How to calculate $5^{2003}$ mod $13$

Question

How to calculate $5^{2003}$ mod $13$

using fermats little theorem

5^13-1 1 mod 13

(5^12)^166+11 mod 13

a+b modn=(a modn + b modn) modn

(1+11mod13)mod13

12 mod 13 = 12

why answer is 8 ?

how do we calculate this

thanks

Answer 1

All modulo 13,

$$5^{2003} \equiv (5^{2})^{1001} (5)$$

$$\equiv (-1)^{1001}(5)$$

$$\equiv -5$$

$$\equiv 8$$

Answer 2

$5^{13-1}= 5^{12} \equiv 1 \mod 13$

$5^{2003} = 5^{12*166 +11} = (5^{12})^{166}*5^{11} \equiv 5^{11} \mod 13$

$5^{11}*5 = 5^{12}\equiv 1 \mod 13$

So if $5^{11} \equiv x \mod 13$ then $5^{11}$ is a solution to $5x \equiv 1 \mod 13$.

....

$5x \equiv 1,14,27,40 \mod 13$ so $5^{11} \equiv x\equiv 8 \equiv -5 \mod 13$.

.....

Or we could do $5^2 = 25 \equiv -1 \mod 13$ so $5^4 \equiv 1 \mod 13$ so $5^{11} \equiv 5^3 \equiv -5 \equiv 8 \mod 13$.

......

Those were trial and error.
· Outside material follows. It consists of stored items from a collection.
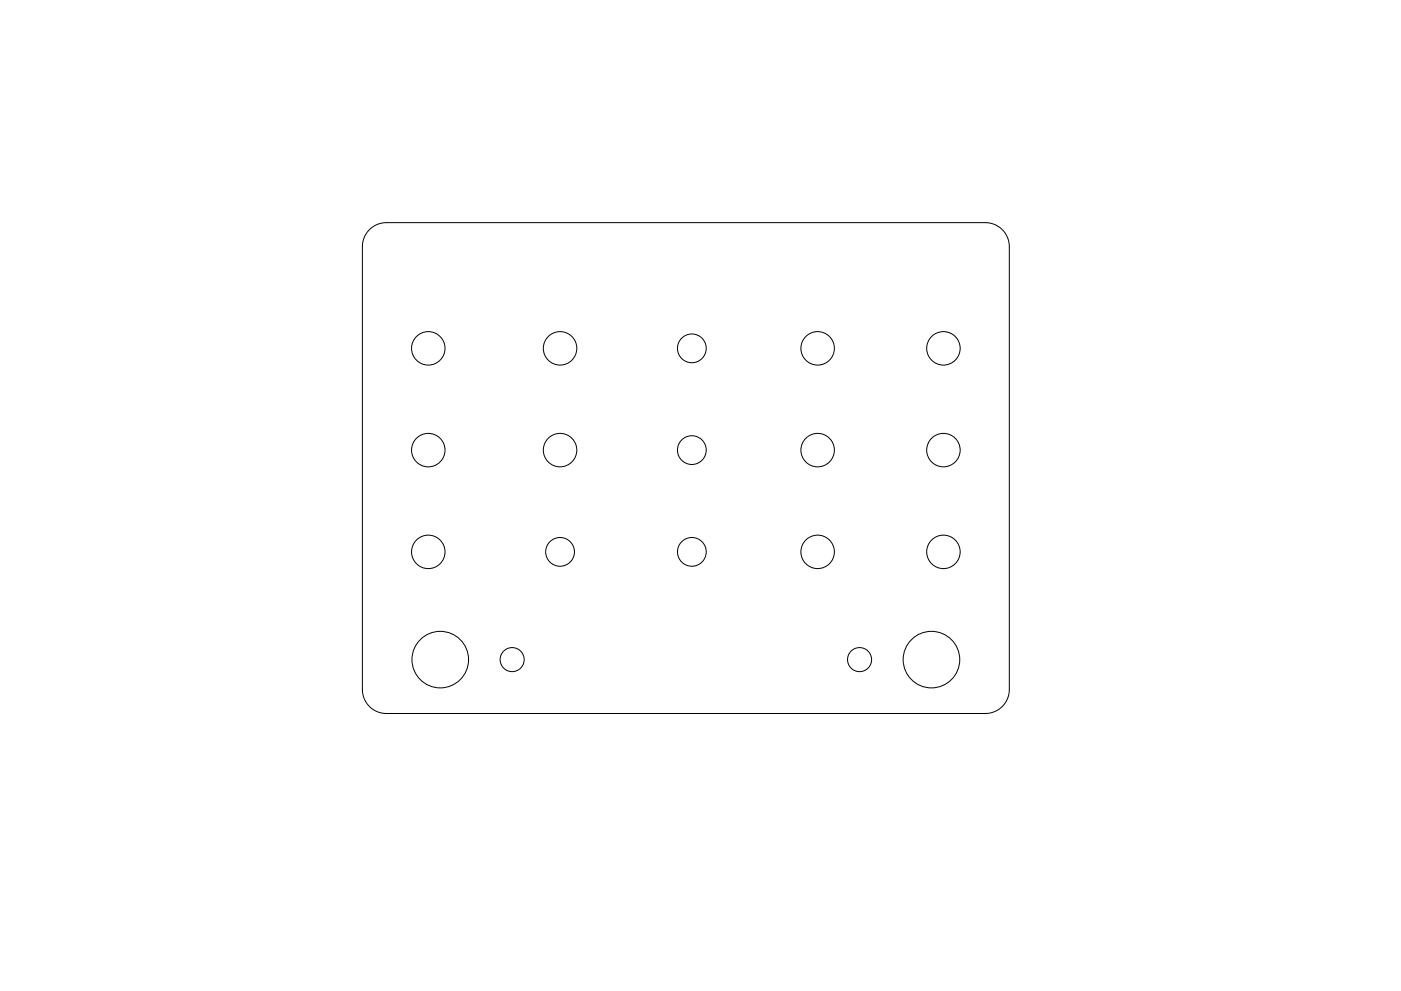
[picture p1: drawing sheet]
<svg xmlns="http://www.w3.org/2000/svg" width="297mm" height="210mm" viewBox="0 0 297 210" stroke-linecap="round" stroke-linejoin="round" font-family="sans-serif">
<g fill="none" stroke="#000" stroke-width=".21">
<path d="M78.3 48.7a5.1 5.1 0 0 1 3.6-1.5h127a5.1 5.1 0 0 1 5.1 5.1v94a5.1 5.1 0 0 1-5.1 5.1h-127a5.1 5.1 0 0 1-5.1-5.1v-94a5.1 5.1 0 0 1 1.5-3.6z"/>
<circle cx="90.8" cy="73.9" r="3.5"/>
<circle cx="118.7" cy="73.9" r="3.5"/>
<circle cx="146.7" cy="73.9" r="3"/>
<circle cx="173.4" cy="73.9" r="3.5"/>
<circle cx="200" cy="73.9" r="3.5"/>
<circle cx="90.8" cy="95.5" r="3.5"/>
<circle cx="118.7" cy="95.5" r="3.5"/>
<circle cx="146.7" cy="95.5" r="3"/>
<circle cx="173.4" cy="95.5" r="3.5"/>
<circle cx="200" cy="95.5" r="3.5"/>
<circle cx="90.8" cy="117.1" r="3.5"/>
<circle cx="118.7" cy="117.1" r="3"/>
<circle cx="146.7" cy="117.1" r="3"/>
<circle cx="173.4" cy="117.1" r="3.5"/>
<circle cx="200" cy="117.1" r="3.5"/>
<circle cx="93.3" cy="139.9" r="6"/>
<circle cx="108.6" cy="139.9" r="2.55"/>
<circle cx="182.2" cy="139.9" r="2.55"/>
<circle cx="197.5" cy="139.9" r="6"/>
</g>
</svg>

If we had to, we could use Euclid's algorithm to solve

$5x = 13k + 1$.

$5x = 10k + 3k + 1$

$5(x - 2k) = 3k + 1$. Let $v = x - 2k$

$5v = 3k + 1$

$3v + 2v = 3k + 1$

$3(v - k) + 2v = 1$ Let $w = v -k$

$3w + 2v = 1$

$w + 2(w+v) = 1$. Let $z = w+v$

$w + 2z = 1$. Let $z = 0; w = 1$

$z = w+v \implies 0 = 1 + v\implies v = -1$

$w = v-k\implies 1= - 1 -k\implies k = -2$

$v = x - 2k \implies -1 = x + 4 \implies x = -5$.

So $5^{11} \equiv x \equiv- 5 \equiv 8 \mod 13$.